▸ **EXTRACTED RECORDS**
>>>>>

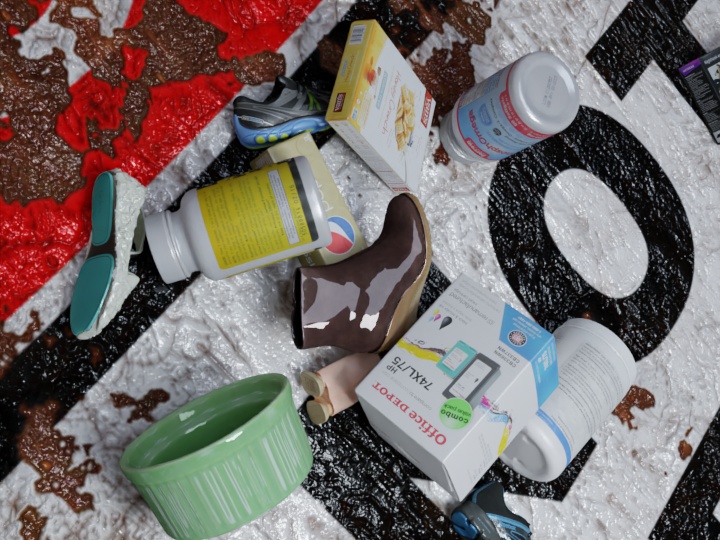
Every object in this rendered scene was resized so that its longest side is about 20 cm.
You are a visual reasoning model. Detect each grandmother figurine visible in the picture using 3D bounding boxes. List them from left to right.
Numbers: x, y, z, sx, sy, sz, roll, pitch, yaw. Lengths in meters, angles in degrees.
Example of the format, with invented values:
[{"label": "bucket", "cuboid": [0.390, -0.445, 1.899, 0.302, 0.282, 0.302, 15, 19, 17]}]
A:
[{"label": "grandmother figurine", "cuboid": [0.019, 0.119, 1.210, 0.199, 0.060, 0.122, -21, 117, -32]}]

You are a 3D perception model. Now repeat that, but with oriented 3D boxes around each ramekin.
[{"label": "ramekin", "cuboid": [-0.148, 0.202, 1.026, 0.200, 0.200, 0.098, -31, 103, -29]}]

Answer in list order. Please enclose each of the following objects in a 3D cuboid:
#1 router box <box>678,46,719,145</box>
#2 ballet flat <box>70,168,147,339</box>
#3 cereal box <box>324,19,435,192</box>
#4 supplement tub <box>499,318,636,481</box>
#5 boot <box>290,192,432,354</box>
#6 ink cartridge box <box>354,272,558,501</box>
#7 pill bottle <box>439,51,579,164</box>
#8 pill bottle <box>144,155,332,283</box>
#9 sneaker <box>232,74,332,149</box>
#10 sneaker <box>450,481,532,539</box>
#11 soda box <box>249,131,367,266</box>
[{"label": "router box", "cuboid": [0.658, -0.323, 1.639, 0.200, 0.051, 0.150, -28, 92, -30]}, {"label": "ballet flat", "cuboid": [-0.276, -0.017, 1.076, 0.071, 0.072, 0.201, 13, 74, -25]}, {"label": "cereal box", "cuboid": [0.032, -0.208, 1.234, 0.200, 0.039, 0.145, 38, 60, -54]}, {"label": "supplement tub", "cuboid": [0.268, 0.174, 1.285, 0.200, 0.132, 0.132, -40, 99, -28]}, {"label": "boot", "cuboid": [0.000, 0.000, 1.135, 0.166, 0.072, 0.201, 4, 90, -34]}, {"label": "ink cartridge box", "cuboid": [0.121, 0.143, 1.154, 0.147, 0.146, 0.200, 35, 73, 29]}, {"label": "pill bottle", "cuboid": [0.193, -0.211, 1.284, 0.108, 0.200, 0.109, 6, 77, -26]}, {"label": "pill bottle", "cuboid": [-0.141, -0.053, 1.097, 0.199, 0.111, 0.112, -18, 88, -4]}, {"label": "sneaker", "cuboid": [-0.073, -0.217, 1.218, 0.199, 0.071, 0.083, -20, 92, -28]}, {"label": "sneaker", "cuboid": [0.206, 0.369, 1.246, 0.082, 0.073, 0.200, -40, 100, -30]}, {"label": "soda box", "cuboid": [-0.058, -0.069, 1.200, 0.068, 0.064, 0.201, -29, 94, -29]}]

<<<<<

▸ **PROBLEM REQUIREMENTS**
Each line from the start of the entries through the line with "#10 sneaker <box>450,481,532,539</box>" is to be restated exactly, and the pictures are to be skipped.

▸ **ANSWER TO THIS PROBLEM**
Every object in this rendered scene was resized so that its longest side is about 20 cm.
You are a visual reasoning model. Detect each grandmother figurine visible in the picture using 3D bounding boxes. List them from left to right.
Numbers: x, y, z, sx, sy, sz, roll, pitch, yaw. Lengths in meters, angles in degrees.
Example of the format, with invented values:
[{"label": "bucket", "cuboid": [0.390, -0.445, 1.899, 0.302, 0.282, 0.302, 15, 19, 17]}]
A:
[{"label": "grandmother figurine", "cuboid": [0.019, 0.119, 1.210, 0.199, 0.060, 0.122, -21, 117, -32]}]

You are a 3D perception model. Now repeat that, but with oriented 3D boxes around each ramekin.
[{"label": "ramekin", "cuboid": [-0.148, 0.202, 1.026, 0.200, 0.200, 0.098, -31, 103, -29]}]

Answer in list order. Please enclose each of the following objects in a 3D cuboid:
#1 router box <box>678,46,719,145</box>
#2 ballet flat <box>70,168,147,339</box>
#3 cereal box <box>324,19,435,192</box>
#4 supplement tub <box>499,318,636,481</box>
#5 boot <box>290,192,432,354</box>
#6 ink cartridge box <box>354,272,558,501</box>
#7 pill bottle <box>439,51,579,164</box>
#8 pill bottle <box>144,155,332,283</box>
#9 sneaker <box>232,74,332,149</box>
#10 sneaker <box>450,481,532,539</box>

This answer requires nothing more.